What I automated in n8n
I built the entire orchestration in n8n for several reasons:
- n8n lets me compose tools easily. The agent and search subworkflows are simple to link.
- I can reuse subworkflows for sparse, dense, and hybrid searches without duplicating logic.
- It’s straightforward to send the payload to a Supabase edge function and then to a database function.
The workflow looks like this:
- User query arrives in the chat flow.
- Agent reasons and returns a payload: weights, query text, any metadata filters.
- n8n generates a dense embedding for the query and attaches it to the payload.
- n8n calls the hybrid search edge function in Supabase with the dense embedding, raw query, and weights.
- Supabase relays the request to the database function, which runs the weighted searches and returns fused results.
- Agent consumes the returned chunks and generates a final answer, including chunk provenance.
Because each retrieval method is modular, I can swap providers easily. I use Pinecone for sparse learned embeddings and Supabase/Postgres for TSVector and trigram indexing in my experiments. You can replace Pinecone with any vector DB that supports sparse or dense vectors.
Next practical step: load or summarize the full document
Once the agent finds a relevant chunk, the natural next step is to provide a tool to load the full source document or to produce an automatic summary. That makes the answers richer and allows users to inspect the context. I plan to build a tool that optionally loads the entire document or runs a focused summarization workflow for any returned document ID. That tool will be another callable step in the agent’s toolkit.
Building this additional tool will let the agent answer follow-up questions like “Show the whole section that mentions this part number” or “Summarize the entire manual.” It also reduces the chance of a partial-answer problem where the agent cites a short snippet without enough context.
Summary of lessons learned
I’ll highlight the main practical lessons from my experiments:
- Dense embeddings are necessary but not sufficient. They capture meaning, not exact text.
- Lexical retrieval is reliable and explainable, but it depends heavily on tokenization quality.
- Pattern-based retrieval is the secret weapon for product codes, IDs, and fuzzy substring matches.

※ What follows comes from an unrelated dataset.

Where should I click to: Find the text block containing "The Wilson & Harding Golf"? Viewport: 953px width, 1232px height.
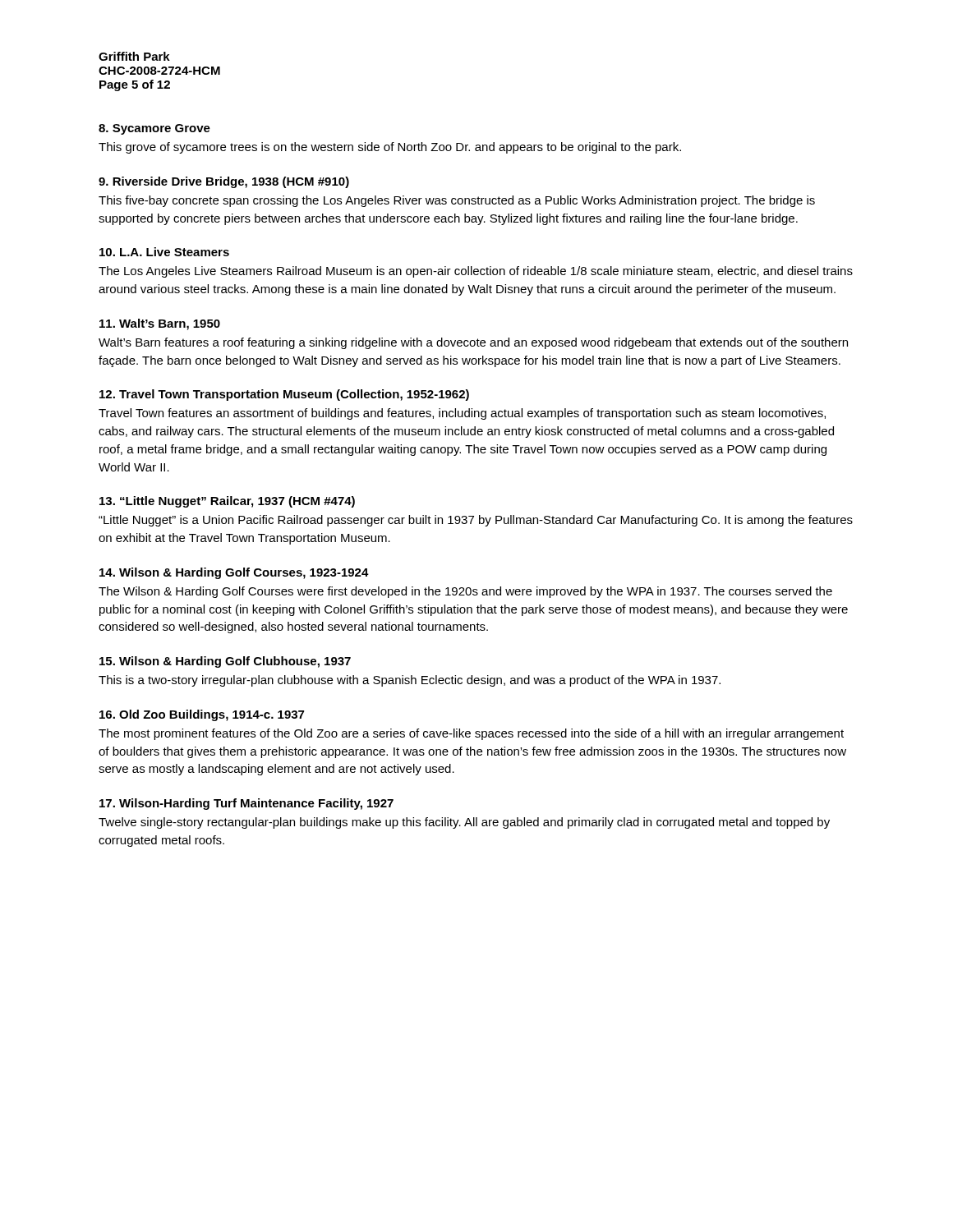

- Combining these methods and letting an LLM dynamically weight them yields much higher precision than any single approach.
- Preprocessing at ingestion (OCR, language detection, and AI-assisted extraction) reduces many failures but cannot eliminate them entirely.
- Provenance and transparency in results increase user trust and make debugging easier.
Each of these lessons influenced how I structured the hybrid search and the agent’s tools. The hybrid approach makes the RAG agent robust against messy data and real-world documents.
That covers the full architecture and the reasoning behind each choice. The final system is flexible, fast, and accurate for both conceptual questions and exact code lookups. It brings together semantic understanding and precise pattern matching so the agent can answer reliably across a broad range of queries.